4) Not content with the Hellboy franchise, Pan’s Labryinth and directing J.R.R. Tolkein’s The Hobbit for New Line and MGM, under the aegis of producer Peter Jackson, Guillermo del Toro is lining up the SFF projects and may well be booked as a director for the next decade. Universal Pictures, which has a first-look deal with del Toro, has set him up to direct their versions of Frankenstein, based on the novel by Mary Shelley, Dr. Jekyll and Mr. Hyde, based on the story by Robert Louis Stevenson, and Slaughterhouse-Five, the SF novel by Kurt Vonnegut Jr. In addition to these classics, del Toro will direct the film adaptation of Drood, the up-coming historical dark fantasy novel by SFF legend Dan Simmons, based on the life of writer Charles Dickens, due out from Little, Brown in early 2009. But wait, there’s more! Universal is also interested in helping del Toro launch his pet project, an adaptation of H.P. Lovecraft’s story At the Mountains of Madness. del Toro will also produce but not direct a film version of David Moody’s apocalypse novel Hater, and produce but not direct a gothic romance story he wrote with collaborator Matthew Robbins called Crimson Peak.
5) ABC network in the U.S. cancelled their alien scifi show Invasion, but remained interested in the idea. Now they’ll try out new series The Return, from Greg Berlanti and Rene Echevarria. The show centers on what happens when aliens land at the White House and say howdy.

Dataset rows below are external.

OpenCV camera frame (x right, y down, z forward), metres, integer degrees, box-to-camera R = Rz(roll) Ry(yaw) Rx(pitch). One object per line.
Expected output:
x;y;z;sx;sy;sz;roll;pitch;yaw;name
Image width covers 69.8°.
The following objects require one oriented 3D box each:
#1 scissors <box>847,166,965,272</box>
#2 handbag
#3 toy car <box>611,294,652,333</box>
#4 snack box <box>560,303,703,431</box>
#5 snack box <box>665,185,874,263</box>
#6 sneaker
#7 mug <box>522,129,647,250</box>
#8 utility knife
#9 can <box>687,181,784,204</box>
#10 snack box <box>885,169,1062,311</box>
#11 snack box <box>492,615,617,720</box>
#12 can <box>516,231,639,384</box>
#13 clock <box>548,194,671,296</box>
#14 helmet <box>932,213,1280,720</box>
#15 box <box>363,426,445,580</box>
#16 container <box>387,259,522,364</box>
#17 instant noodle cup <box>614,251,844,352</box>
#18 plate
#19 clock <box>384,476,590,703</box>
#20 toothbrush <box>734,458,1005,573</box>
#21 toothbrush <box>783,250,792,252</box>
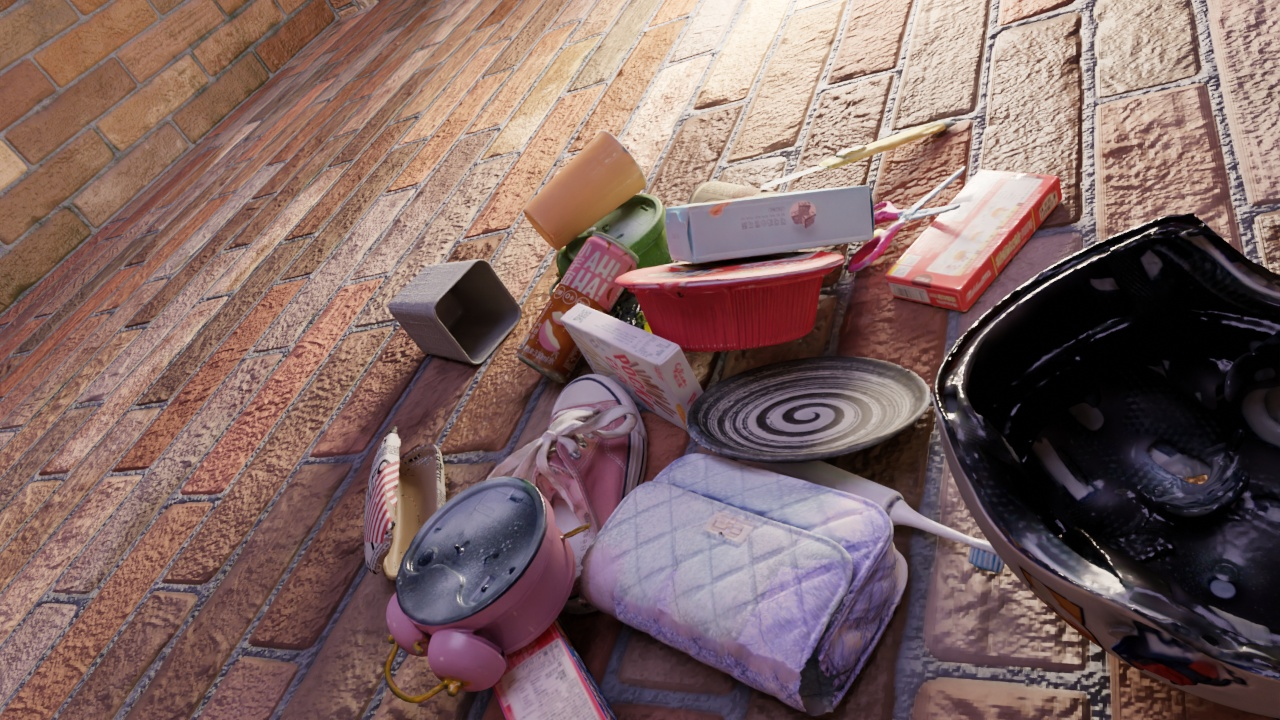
0.236;-0.131;0.828;0.133;0.017;0.130;-41;20;14;scissors
0.063;0.134;0.597;0.194;0.075;0.134;10;50;45;handbag
-0.004;-0.038;0.903;0.048;0.032;0.105;-27;22;16;toy car
-0.005;0.005;0.802;0.026;0.085;0.157;-42;35;-17;snack box
0.114;-0.123;0.822;0.174;0.051;0.074;-9;10;-12;snack box
-0.052;0.083;0.737;0.118;0.088;0.240;-20;37;17;sneaker
-0.063;-0.179;0.991;0.122;0.078;0.078;-41;35;-5;mug
0.217;-0.205;0.922;0.220;0.022;0.031;-25;20;-9;utility knife
0.103;-0.148;0.935;0.058;0.058;0.116;-43;36;-17;can
0.281;-0.104;0.774;0.152;0.025;0.075;-45;37;-20;snack box
-0.065;0.214;0.611;0.058;0.057;0.207;-34;34;-9;snack box
-0.061;-0.051;0.904;0.058;0.058;0.147;24;81;50;can
-0.032;-0.115;0.999;0.161;0.056;0.116;-36;34;-7;clock
0.282;0.067;0.445;0.229;0.157;0.274;-40;46;-16;helmet
-0.210;0.134;0.838;0.075;0.083;0.163;-60;28;23;box
-0.214;-0.057;1.038;0.114;0.090;0.090;6;48;46;container
0.078;-0.050;0.778;0.194;0.066;0.193;-7;11;1;instant noodle cup
0.122;0.040;0.682;0.179;0.024;0.179;-9;19;3;plate
-0.111;0.155;0.613;0.117;0.060;0.158;13;54;47;clock
0.149;0.093;0.627;0.221;0.026;0.026;20;97;49;toothbrush
0.105;-0.079;0.876;0.224;0.026;0.027;-37;21;-10;toothbrush

6) Star Tobey McGuire and director/writer/producer Sam Raimi have agreed to do Spiderman 4 and Spiderman 5 for Columbia Pictures and Marvel. The two next films about the web crawling comics superhero may possibly be shot back to back, starting in the fall of 2009. Spiderman 4 has a tentative release date for summer 2011, which would be nine years after the first in the series starring McGuire as Spiderman debuted. Jamie Vanderbilt has been hired to write the screenplay for it. The first three Spiderman films, all helmed by Raimi, have grossed $2.5 billion U.S. worldwide. The studio has indicated that they are hoping to also get actress Kirsten Dunst to reprise her role as Peter Parker’s true love Mary Jane Watson.